● **TRY IT**
A verbatim copy of the listing is what is needed, minus any pictures.

● **THE DATA**
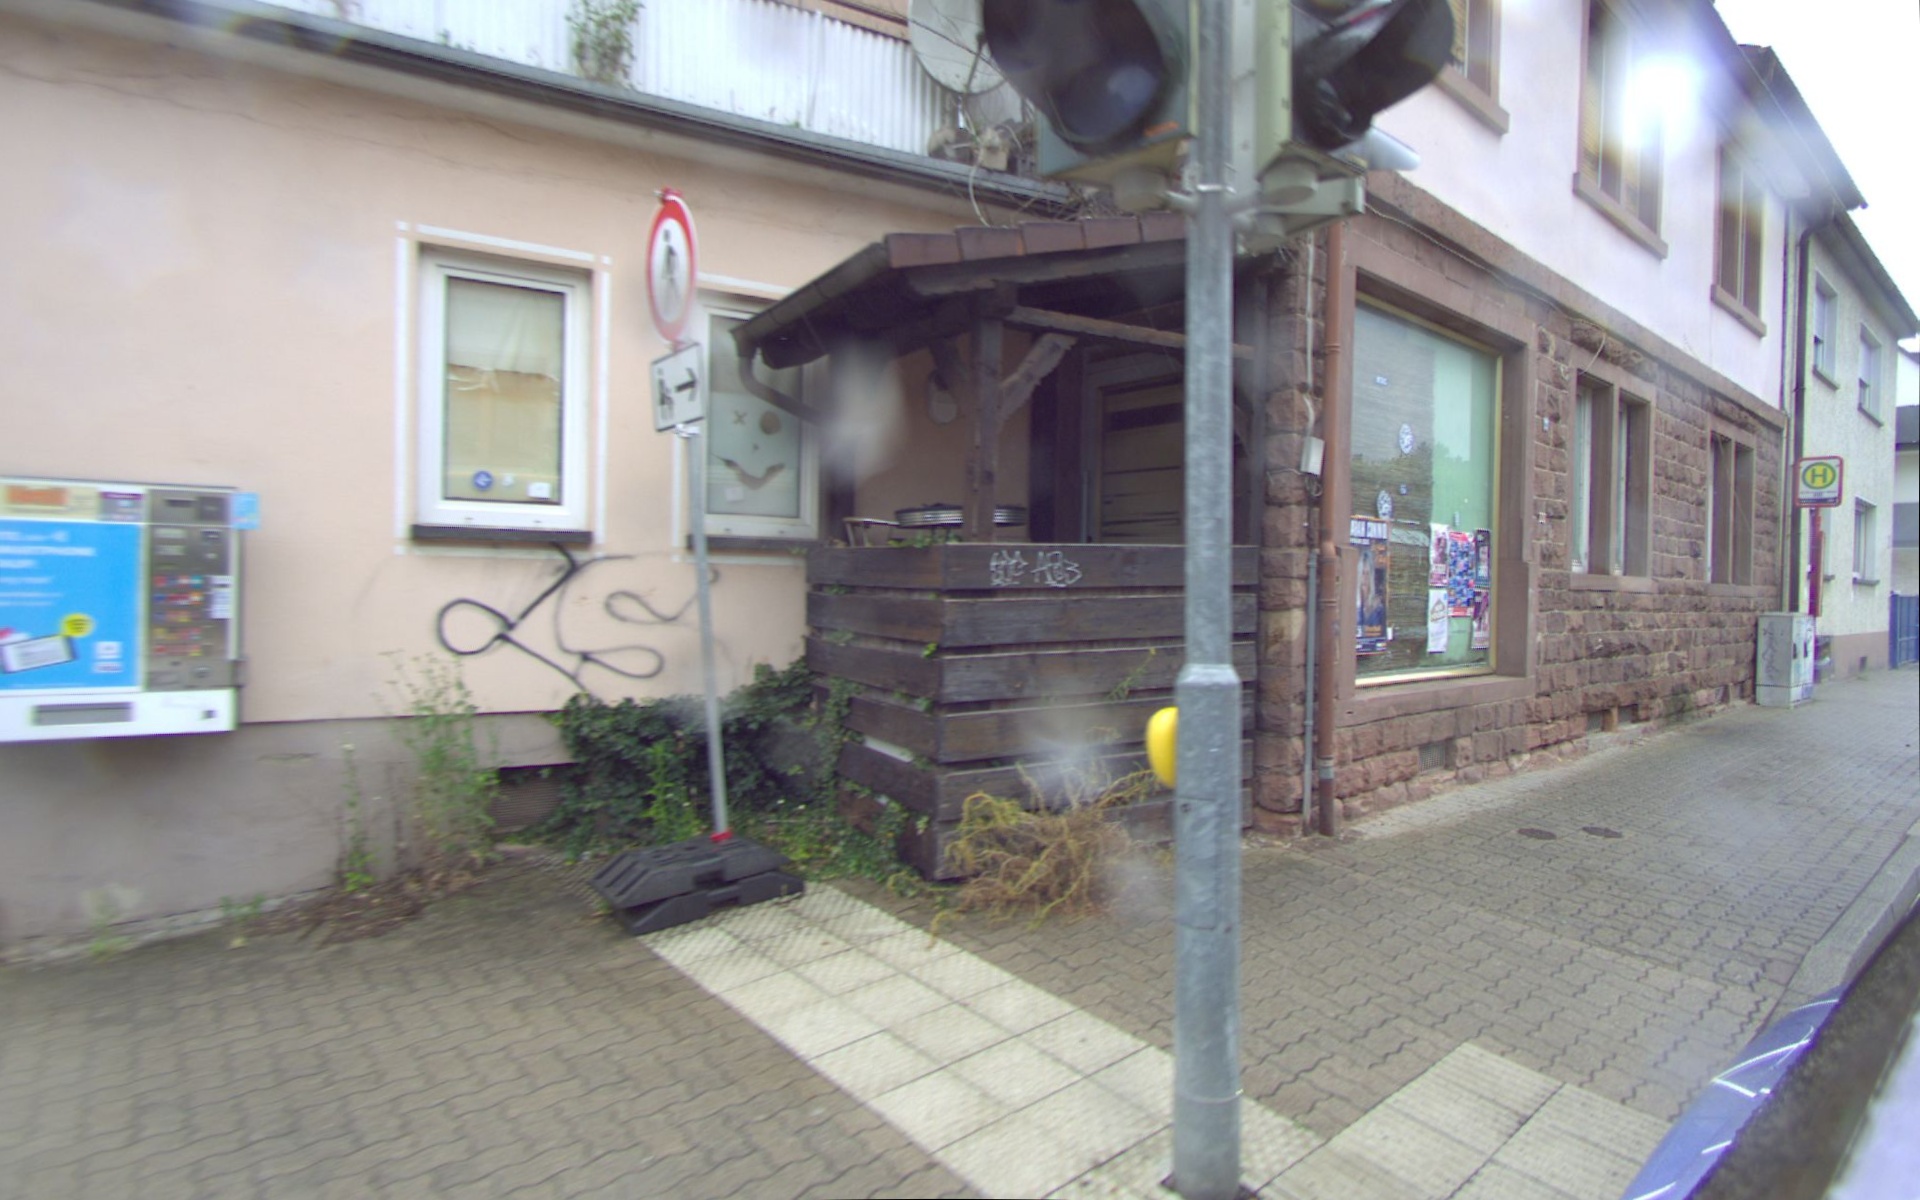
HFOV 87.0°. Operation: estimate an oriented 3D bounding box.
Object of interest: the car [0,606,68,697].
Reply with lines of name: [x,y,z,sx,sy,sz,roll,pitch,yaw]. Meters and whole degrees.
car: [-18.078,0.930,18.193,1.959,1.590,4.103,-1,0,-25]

● **EXPECTED ANSWER**
HFOV 87.0°. Operation: estimate an oriented 3D bounding box.
Object of interest: the car [0,606,68,697].
Reply with lines of name: [x,y,z,sx,sy,sz,roll,pitch,yaw]. Meters and whole degrees.
car: [-18.078,0.930,18.193,1.959,1.590,4.103,-1,0,-25]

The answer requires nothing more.